My blog about my wargaming activities. I collect a lot of 15mm miniatures for the American War of Independence and so collect a lot of rules for this period. I started miniatures with Napoleonics, so I have a number of armies in 6mm and 15mm figures for skirmishing. I have15mm WW II figures that I use for Flames of War, Memoir '44, and someday, Poor Bloody Infantry. Finally there is my on-again, off-again relationship with paper soldiers that I sometimes write about.

Saturday, February 22, 2020

A First Look at Undaunted Normandy

Undaunted: Normandy (UN) is a card, tile, and counter game of small-unit infantry combat in Normandy 1944. It is called a "deck building game" by the publisher Osprey Games. When most people hear that term they think of something different than what it really is. You do not pick and choose your cards from a large pool of options. Rather, the scenario defines what cards are available because the cards are the soldiers in the fight. If you have ten "Rifleman" cards you have ten soldiers with rifleman qualities.

The box contains all that you need for a game. It is smaller than a standard Letter size page and about 3-4" thick, so the game is very compact. Inside is a nice plastic tray to hold the game tiles, four 10-sided dice, and the two decks of cards (German and U.S.).

Underneath the plastic tray there is more than enough room to hold all of the counters in the game.

The game includes a rule book, which contain more than enough examples of play, and the scenario book. The rule book is very thin as this is really a fairly simple game. Don't let that fool you, however. The gameplay is very thought-provoking.

This is what the first scenario setup looks like. Each tile has a number and a side A and B. The map shows you which tiles to use, how to place them, what units are in play, and what additional markers to use (such as objectives, control, scouted, and spawn markers).

This is why I say it is not really a deck building game. Half of the fun of the game is building a deck and tuning it over time. In UN the scenario specifies which cards are in your starting deck (black circle with white D), which cards are in your reserves (white circle with black S), and which are not in play at all.

In the beginning scenario both sides start with two squads of five riflemen and two teams of three scouts – represented by four unit counters on the board – one platoon sergeant, and two squad leaders – represented only by cards.

Here is the board, set up and ready to go.

First thing to notice is that each area of the map is a square tile. Note that the squares are offset so each square is surrounded by six adjacent squares, much as a hex grid would be, rather than four adjacent orthogonally and four adjacent diagonally as in a square grid.

Each square has a white number inside a black shield at the bottom center. This represents a defense value given to any unit in the square being shot at. Values in this set of tiles range from 0 to 3.

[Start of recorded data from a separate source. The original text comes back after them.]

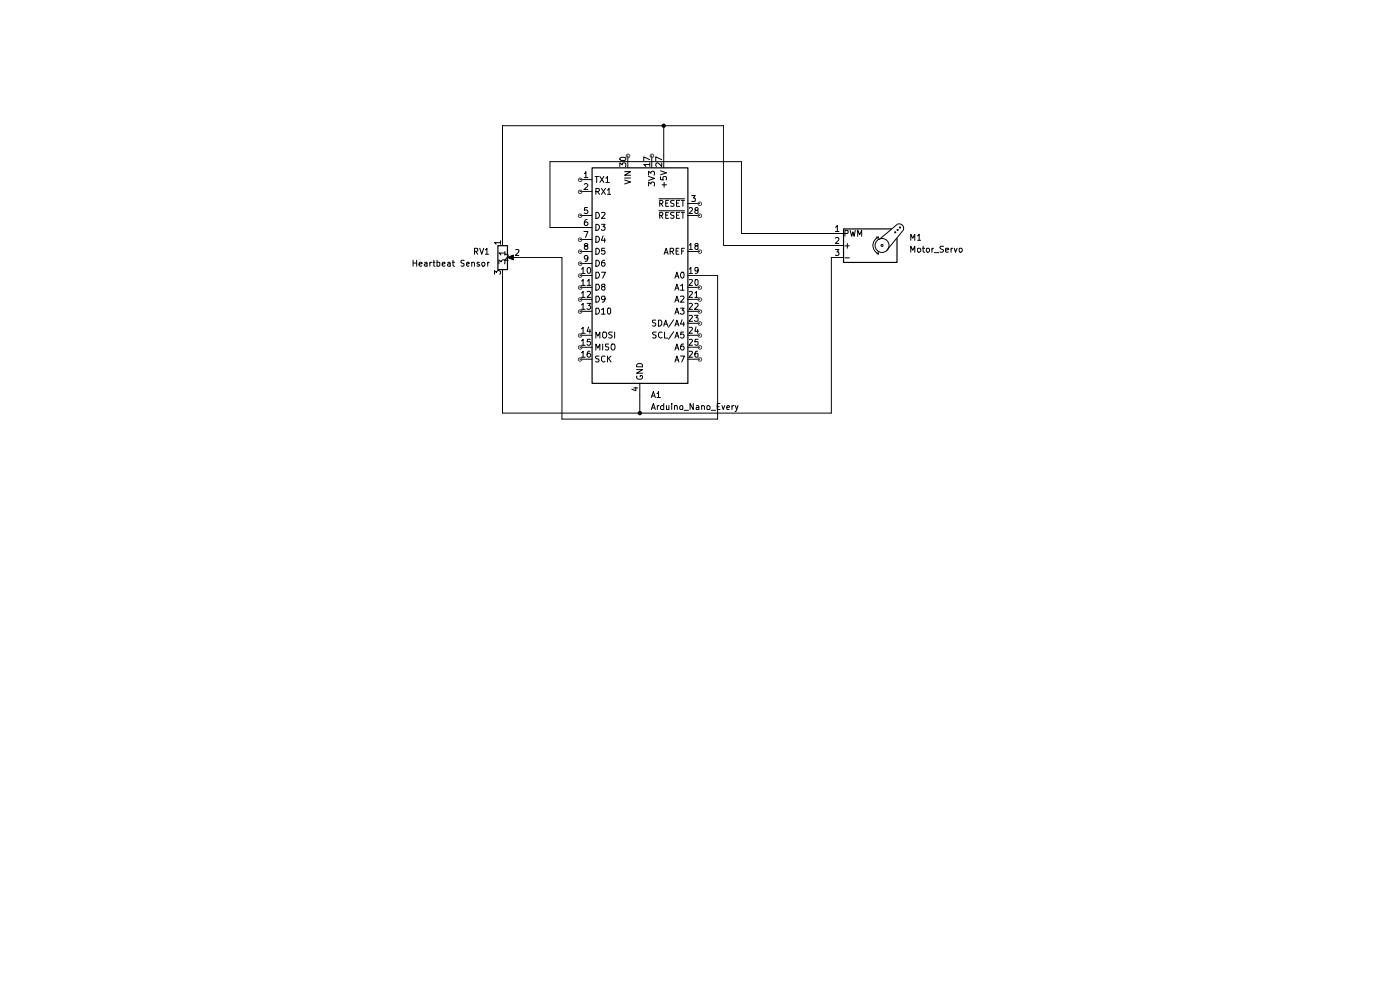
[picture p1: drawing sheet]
<svg xmlns="http://www.w3.org/2000/svg" width="297mm" height="210mm" viewBox="0 0 297 210" stroke-linecap="round" stroke-linejoin="round" font-family="sans-serif">
<path d="M125.6 35.6h20.3v45.7h-20.3zM105.6 52.1h2.1v5.1h-2.1zM189.1 48.6h-10.2v7.1h11.4v-5.1" fill="none" stroke="#000" stroke-width=".25"/>
<g fill="none" stroke="#000" stroke-width=".21">
<path d="M123 38.1h2.6M124 36.8l.3-.4v1.3M124 39.1l.1-.2h.4l.2 .5-.8 .8h.8M124 37.7h.7M126.2 37.4h.8M126.6 37.4v1.3M127.3 37.4l.8 1.3M127.6 40l.8 1.2M128.1 37.4l-.8 1.3M128.4 40l-.8 1.2M128.5 37.8h.2l.2-.4v1.3M128.5 38.7h.8"/>
<path d="M131.5 35.3v-.8l.5 .5 .2-.5 .5 .1v.7M131.5 33.6l.2-.2h.6l.5 .1v.4l-.3 .1h-.8zM132.5 38.2l1.3 .4-1.3 .4M132.5 36.4h1.3l-1.3 .8h1.3M132.5 37.8h1.3M133.2 33v2.6M137.6 39.5v-.9l.5 .4 .1-.3h.6v.8M137.6 37.4l1.3 .4-1.3 .5M137.6 37.2v-.9l.5 .4 .1-.3h.6v.8M137.8 34.9h-1.2l.4 .4M137.8 33.9l-1.2-.6v.8M137.8 34.5v.8"/>
<path d="M138.3 33v2.6M140.1 37.5v.6l.6 .1-.1-.6 .3-.2 .4 .1v.7M140.1 36.2l1.3 .5-1.3 .4M140.4 34.5v.8l-.9-.8-.4 .3v.3l.2 .2M140.4 33.9l-1.3-.6v.8M140.5 39.2h.9M140.8 26.7v8.9M140.9 38.7v1M87.6 55.2v1.3M87.6 55.8h.8M88.4 55.2v1.3M88.9 56l.7-.1-.1-.2-.3-.1-.3 .2v.5l.3 .2 .3-.1"/>
<path d="M90.1 55.7h.5v.8M90.6 55.9l-.6 .2 .2 .4 .4-.1M91.2 55.6v.9M91.6 55.6l-.4 .3M91.9 55.6h.4M92 55.2v1.2l.3 .1M92.7 55.7h.6v.6l-.2 .2-.4-.1M92.7 55.2v1.3M93.8 56l.6-.1v-.2l-.4-.1-.2 .2v.5l.2 .2 .4-.1M95 55.7l.3-.1 .2 .2v.7M95.5 55.9l-.6 .2 .2 .4 .4-.1M95.9 55.6h.5"/>
<path d="M96.1 55.2v1.1l.3 .2M98.5 55.3h-.7v.4l.6 .2 .1 .2-.3 .4-.4-.1M99 56l.6-.1-.2-.3-.4 .2v.5l.1 .2 .4-.1M100.1 55.7l.4-.1 .2 .2v.7M100.1 55.6v.9M100.7 53.3h.6v-.6h-.6v1.2M100.9 53.3l.4 .6M101.7 55.7l-.4-.1-.1 .3 .6 .4-.3 .2-.3-.1M101.8 52.7l.4 1.2 .4-1.2M102.3 55.7h.5v.7l-.4 .1-.2-.3zM103 53l.3-.3v1.2M103 53.9h.6"/>
<path d="M103.5 55.6v.9M103.8 55.6l-.3 .1v.2M104.9 58.2v-.8l.4 .4 .3-.4h.3l.3 .3v.3l-.2 .2M105.8 56v-.9l.5 .4 .3-.4h.3l.2 .2-.1 .7M106.2 51.5h-1.3l.3 .3M106.2 51.1v.7M106.6 52.1v-25.4h46.9v25.4h25.4M107.1 53.7h-1.3l.5 .4M107.1 54h.7v.4l-.8 .8h.8M107.1 53.3v.8M107.7 54.6l1.2-.5v1zM108.1 54.6h11.1v34.3h33v-30.5h-6.3"/>
<path d="M109.4 53h.7v.4l-.8 .8h.8M123 58.4h2.6M123 53.3h2.6M123 40.6h2.6M123 45.7h2.6M123 50.8h2.6M123 55.9h2.6M123.4 57.1l.3-.4v1.3M123.4 59.6l.3-.3v1.2M123.4 58h.7M123.9 49.1h.8l-.5 1.3M124.2 52.2l-.2-.2v-.3h.6l.1 .3-.2 .2h-.3l-.2 .2v.3l.2 .2h.3l.2-.2v-.3l-.2-.2"/>
<path d="M124.5 59.6l.5-.3v1.2M124.5 46.6a.72 .72 0 0 0-.5 .5 .72 .72 0 0 0 .2 .7h.4a.42 .42 0 0 0 0-.6 .42 .42 0 0 0-.6 0v.1M124.6 44h-.6v.6h.6v.6h-.6M124.7 56.8a.61 .61 0 0 1 .7 .5 .61 .61 0 0 1-.4 .7l-.3-.1-.2-.4zM124.7 54.7l-.2 .2h-.5a.42 .42 0 0 1 .1-.6 .42 .42 0 0 1 .5 0l.1 .6-.2 .5-.4 .1M125.6 48.3h-8.9v-14h40.6v15.2h21.6M126.4 57.7h.5a.72 .72 0 0 1 .2 .9 .72 .72 0 0 1-.7 .4zM126.4 40.6h.5l.3-.2-.1-.4h-.7v1.2M126.4 45a.65 .65 0 0 1 .8 .7 .65 .65 0 0 1-.8 .6zM126.4 47.6a.65 .65 0 0 1 .8 .6 .65 .65 0 0 1-.8 .7zM126.4 50.1a.65 .65 0 0 1 .8 .7 .65 .65 0 0 1-.8 .6zM126.4 52.7a.65 .65 0 0 1 .8 .6 .65 .65 0 0 1-.8 .6z"/>
<path d="M126.4 55.2a.65 .65 0 0 1 .8 .6 .65 .65 0 0 1-.8 .7zM126.7 40.6l.5 .6M127.6 57.7h.8l-.6 1.3M127.6 45.1l.5-.1 .3 .3-.8 1h.8M127.6 47.6h.8l-.5 .5h.4v.7l-.5 .1-.2-.2M127.9 50l-.3 1h.8M128.3 52.7h-.6l-.1 .6 .7-.1v.6l-.5 .1-.2-.1M128.3 55.2a.57 .57 0 0 0-.7 .5v.5l.2 .3 .5-.1v-.7h-.5l-.2 .2M128.3 50.5v.9M128.9 40.3l.3-.3v1.2M128.9 41.2h.6M139.8 44.7h5.4"/>
<path d="M139.8 42.2h5.4M140 45.7l.5-.1v-.5l-.5-.1v1.3M140 43.2l.5-.1v-.5l-.5-.1v1.3M140.2 45.7l.4 .6M140.2 43.2l.4 .6M140.9 53.9l.4-1.2 .4 1.2M141 53.6h.6M141.2 45.6h.4M141.2 43.1h.4M141.8 45h-.6v1.3h.6M141.8 42.5h-.6v1.3h.6M142.2 53.3h.5l.2-.2-.1-.4h-.6v1.2"/>
<path d="M142.5 53.3l.4 .6M143 45.1h-.7v.5l.6 .1 .1 .4-.3 .2-.5-.1M143 42.6l-.5-.1-.3 .3 .1 .2 .6 .3 .1 .2a.48 .48 0 0 1-.8 .2M143.2 59l.4-1.3 .4 1.3M143.3 58.6h.6M143.4 53.3h.4M143.5 45.6h.4M143.5 43.1h.4M144 52.7h-.6v1.2h.6M144.2 45h-.7v1.3h.7M144.2 42.5h-.7v1.3h.7M144.5 57.8l.4-.1a.82 .82 0 0 1-.2 1.3 .81 .81 0 0 1-.2-1.2z"/>
<path d="M144.5 45h.7M144.5 42.5h.7M144.6 53.3h.4M144.9 42.5v1.3M144.9 45v1.3M145.2 52.7h-.6v1.2M145.9 53.3h2.5M145.9 45.7h2.5M145.9 43.2h2.5M146.2 52l.4-.4v1.3M146.2 57.1l.4-.4v1.3M146.2 59.4l.4-.1 .3 .3-.8 .9h.8"/>
<path d="M146.2 44.2l.4-.2 .3 .4-.8 .9h.8M146.2 58h.7M146.2 52.9h.7M146.7 41.5h.8l-.4 .5 .4 .1v.6h-.8M147.5 59.4l.3-.1 .3 .2v.8l-.3 .2h-.3zM147.7 52.2l-.3-.2 .1-.3h.6v.4l-.4 .1-.3 .2v.3l.3 .2 .4-.1v-.5l-.2-.1M147.7 44.6l-.3-.3 .3-.3h.2l.2 .4-.2 .2h-.4l-.1 .2v.2l.3 .3 .4-.1v-.5l-.2-.1M148.1 57.2l-.1 .3h-.5v-.7h.6v.9l-.2 .2-.4 .1M177.2 48.2l.4-.4v1.3M177.2 50.5l.5-.1 .3 .2-.1 .4-.7 .6h.8M177.2 52.9h.8l-.5 .5h.4v.7h-.7M177.2 49.1h.8"/>
<path d="M178.9 54.6h-2.5v33h-69.8v-30.5M179.2 49.5h.5l.2-.1v-.5h-.7v1.2M179.2 52.2h1M179.2 54.7h1M179.7 51.6v1.1M180.3 48.9l.4 1.2 .2-.9 .3 .9 .2-1.2M181.9 50.1v-1.2l.5 .9 .4-.9v1.2M185.8 50.3h.6M186 53.8h.4M186.3 53.4l.1 .4M186.3 50.3a1.93 1.93 0 0 0-1.1 1.8 1.93 1.93 0 0 0 1.1 1.7M186.4 50.3l-.1 .4"/>
<path d="M187 51.9l.3 .2-.1 .2-.3-.2zM189.8 49.2l.2 .1v.1l-.2-.1zM190.2 47.7l-3.7 3.1M190.3 47.6a.94 .94 0 0 1 1.1 .2 .94 .94 0 0 1 .2 1.1M190.4 48.7l.1 .1v.1l-.2-.1zM190.9 48.1l.2 .2-.1 .1-.2-.1zM191.5 48.9l-3.4 4.2M193.2 53.5v-1.3l.4 .9 .5-.9v1.3M193.2 51v-1.3l.4 .8 .5-.8v1.3M194.6 52.7h.6l.1 .6-.2 .2-.5-.2zM194.6 50l.4-.3v1.3M194.6 51h.7"/>
<path d="M195.7 52.7h.5M195.8 52.2v1.1l.4 .2M196.6 52.7h.4l.2 .2v.4l-.3 .2-.4-.2zM197.7 52.7v.8M198 52.7l-.3 .2M198.2 53.6h.9M200.2 52.2h-.6l-.2 .3 .2 .3 .6 .3v.2l-.3 .2-.5-.1M200.6 53.1l.7-.2-.1-.2h-.5l-.1 .1v.5l.2 .2 .4-.1M201.8 52.7v.8M202.1 52.7h-.3v.2M202.4 52.7l.3 .8 .3-.8M203.5 52.7h.5l.1 .2v.4l-.2 .2-.4-.2z"/>
<path d="M123 61h2.6M123 63.5h2.6M123 66h2.6M123 71.1h2.6M123 73.7h2.6M123 76.2h2.6M123.4 62.1l.3-.3v1.3M123.4 64.7l.3-.4v1.3M123.4 69.8l.3-.4v1.3M123.4 72.3l.3-.3v1.2M123.4 74.8l.3-.3v1.3M123.4 60.5h.7"/>
<path d="M123.4 63.1h.7M123.4 65.6h.7M123.4 70.7h.7M123.4 73.2h.7M123.4 75.8h.7M124.5 61.9l.6-.1 .2 .3-.8 1h.8M124.5 64.3h.8l-.4 .6 .4 .1v.4l-.2 .2h-.4l-.2-.2M124.5 60.5h.8M124.9 69.3l-.4 1h.8M125.1 74.5l-.4 .1a.92 .92 0 0 0 .1 1.2h.3l.2-.3v-.3l-.2-.3h-.3l-.3 .3M125.1 69.8v.9M125.2 72h-.6l-.1 .6 .6-.1 .2 .1v.4l-.2 .2h-.4l-.2-.1"/>
<path d="M126.4 60.3h.5a.72 .72 0 0 1 .2 .8 .72 .72 0 0 1-.7 .5zM126.4 62.8h.5a.72 .72 0 0 1 .2 .8 .72 .72 0 0 1-.7 .5zM126.4 65.4h.5a.72 .72 0 0 1 .2 .8 .72 .72 0 0 1-.7 .4zM126.4 71.7v-1.3l.4 .9 .5-.9v1.3M126.4 74.3v-1.3l.4 .8 .5-.8v1.3M127.1 75.5h-.6l-.2 .2 .3 .4 .4 .1v.5h-.7M127.6 65.7l.4-.3v1.2M127.6 66.6h.8M127.8 60.8l-.2-.3 .1-.1 .6-.1v.4l-.5 .1-.2 .2v.3l.2 .3h.3l.3-.3-.1-.4-.2-.1M127.8 70.6l.2-.2h.4a.8 .8 0 0 1 0 1.3h-.3l-.3-.2zM127.8 73v1.3M128.4 63.3l-.1 .2-.5 .1-.1-.1-.1-.4 .2-.3h.5l.1 .7a.58 .58 0 0 1-.6 .6"/>
<path d="M128.4 75.6l-.6-.1-.2 .3v.7l.4 .3 .4-.2M128.9 75.5v1.3M128.9 65.4h.5l.1 .2v.8l-.2 .2-.4-.2zM129.1 73l-.7 .1v.3l.6 .3 .1 .4-.2 .2-.5-.1M129.1 76l.5 .8M129.6 75.5l-.7 .7M129.8 73h.5a.75 .75 0 0 1-.3 1.3 .84 .84 0 0 1-.2-1.3zM129.9 70.4h-.6l-.2 .2 .3 .4h.2l.3 .3-.3 .4-.5-.1M130.4 70.4v1.3M135 78.4h1.3l-1.3 .8h1.3M135.1 79.8v.5l.3 .1h.6l.2-.1v-.6h-.4v.2M135.1 77.3l.3-.2h.6a.52 .52 0 0 1 .3 .7h-1.3z"/>
<path d="M139.1 67.9l-.7 .1v.3l.6 .3 .1 .4-.2 .2-.5-.1M139.2 70.4h-.6l-.2 .2 .3 .4 .4 .1v.5h-.7M139.7 67.9h.4l.3 .3v.6l-.4 .4h-.3zM140.5 70.5l-.5-.1-.3 .3v.7l.4 .3 .4-.2M140.8 69.2l.4-1.3 .4 1.3M140.9 68.7h.6M141 70.4v1.3h.6M142.9 67.8l-1.1 1.6M142.9 70.4l-1.1 1.6M143.2 61.6l.4-1.3 .4 1.3M143.2 64.1l.4-1.3 .4 1.3M143.2 66.6l.4-1.2 .4 1.2"/>
<path d="M143.2 69.2l.4-1.3 .4 1.3M143.2 71.7l.4-1.3 .4 1.3M143.2 74.3l.4-1.3 .4 1.3M143.2 76.8l.4-1.3 .4 1.3M143.3 61.1h.6M143.3 63.7h.6M143.3 66.2h.6M143.3 68.7h.6M143.3 71.3h.6M143.3 73.8h.6M143.3 76.4h.6M144.4 60.6l.4-.3v1.3"/>
<path d="M144.4 62.9l.6-.1 .1 .3-.7 1h.7M144.4 65.4h.7l-.4 .4 .4 .2-.1 .5-.5 .1-.1-.1M144.4 75.5h.8l-.6 1.3M144.4 61.6h.7M144.7 67.8l-.3 .9h.8M145 70.4h-.6v.6l.2-.1 .4 .1v.6l-.4 .1-.2-.2M145 73h-.4l-.2 .5v.5l.2 .3 .4-.1v-.7l-.4-.1-.2 .3M145 68.3v.9M145.9 61h2.5M145.9 63.5h2.5M145.9 66h2.5M145.9 71.1h2.5"/>
<path d="M145.9 73.7h2.5M145.9 76.2h2.5M145.9 68.6h2.5M146.2 61.9l.4-.1 .3 .3-.8 1h.8M146.2 64.4l.4-.1 .3 .4-.8 .9h.8M146.2 67l.4-.1 .3 .3-.8 1h.8M146.2 69.5l.4-.1 .3 .4-.8 .9h.8M146.2 72.1l.4-.1 .3 .3-.8 .9h.8M146.2 74.6l.6-.1 .1 .3-.8 1h.8M147.3 66.9h.8l-.4 .5 .4 .1v.5l-.2 .2h-.4l-.2-.2M147.4 62.1l.3-.3v1.3M147.4 64.4h.7v.5l-.8 .7h.8"/>
<path d="M147.4 63.1h.7M147.7 69.3l-.3 1h.8M148 74.5l-.4 .1-.2 .9 .3 .3 .4-.2v-.5l-.2-.2h-.2l-.3 .3M148 69.8v.9M148.1 72h-.6l-.1 .6 .6-.1 .1 .6-.2 .1h-.3l-.2-.1M134.5 82.3h.8M134.9 82.1v.8l-.9-.4M135.7 81.3v6.3M138.2 86.9l.4-1.3 .4 1.3M138.2 84.3l.4-1.2 .4 1.2M138.3 86.5h.6M138.3 84h.6"/>
<path d="M139.4 83.5l.3-.4v1.2M139.4 84.3h.7M139.4 86v.9M139.8 86l-.4 .3M140.8 85.6v1.3h-.5l-.2-.2v-.4l.3-.3 .4 .1M141.4 86v.9l.5-.1M141.9 86v.9M142.5 85.6v.2M142.5 86v.9M143.1 86.2l.2-.2 .3 .1 .1 .8M143.1 86v.9M144.2 86.3l.2-.3 .4 .1v.8h-.4l-.2-.2z"/>
<path d="M145.1 87h.9M147.1 85.6v1.3l-.7-1.3v1.3M147.7 86.1l.4-.1 .2 .3v.6h-.6v-.5h.6M148.8 86.2l.2-.2 .4 .1v.8M148.8 86v.9M150 86.1l.4-.1 .2 .3v.4l-.1 .2h-.5zM150.9 87h.9M152.1 86.3h.5M152.7 85.6h-.6v1.3h.6M153.2 86l.2 .9 .4-.9M154.2 86.4h.6l-.2-.4-.3 .1-.1 .6 .1 .2h.4M155.3 86v.9"/>
<path d="M155.7 86l-.4 .3M156 86l.3 .9M156.5 86l-.4 1.3h-.1"/>
<circle cx="187.1" cy="52.1" r="1.48"/>
</g>
<g fill="#000">
<path d="M107.7 54.6l1.2-.5v1z"/>
<circle cx="140.8" cy="26.7" r=".47"/>
<circle cx="135.7" cy="87.6" r=".47"/>
</g>
<g fill="none" stroke="#4c4c4c" stroke-width=".21">
<circle cx="123.1" cy="38.1" r=".38"/>
<circle cx="133.2" cy="33.1" r=".38"/>
<circle cx="138.3" cy="33.1" r=".38"/>
<circle cx="123.1" cy="40.7" r=".38"/>
<circle cx="123.1" cy="50.8" r=".38"/>
<circle cx="123.1" cy="58.5" r=".38"/>
<circle cx="123.1" cy="55.9" r=".38"/>
<circle cx="123.1" cy="45.8" r=".38"/>
<circle cx="123.1" cy="53.4" r=".38"/>
<circle cx="148.5" cy="53.4" r=".38"/>
<circle cx="148.5" cy="43.2" r=".38"/>
<circle cx="148.5" cy="45.8" r=".38"/>
<circle cx="123.1" cy="63.5" r=".38"/>
<circle cx="123.1" cy="61" r=".38"/>
<circle cx="123.1" cy="66.1" r=".38"/>
<circle cx="123.1" cy="71.2" r=".38"/>
<circle cx="123.1" cy="73.7" r=".38"/>
<circle cx="123.1" cy="76.2" r=".38"/>
<circle cx="148.5" cy="63.5" r=".38"/>
<circle cx="148.5" cy="68.6" r=".38"/>
<circle cx="148.5" cy="73.7" r=".38"/>
<circle cx="148.5" cy="66.1" r=".38"/>
<circle cx="148.5" cy="61" r=".38"/>
<circle cx="148.5" cy="71.2" r=".38"/>
<circle cx="148.5" cy="76.2" r=".38"/>
</g>
</svg>

In the upper-right I have placed the light brown objective markers, which look like guidons. Each has a value from 1 to 3, indicting the number of objective points allotted to the player that controls the square. In this scenario the German player starts with control of 3 objective points (last column, middle row square). In this scenario, the first player to reach 5 objective points immediately wins the game.

In the upper-left corner of the square I place the control markers. A control marker for your side can either show binoculars, indicating you have scouted the area, or an insignia, indicating you control the area. If you control the area then you claim the objective points in the square. A square can have scouted control markers from both sides, but only one side can claim control of the square (have the insignia side up).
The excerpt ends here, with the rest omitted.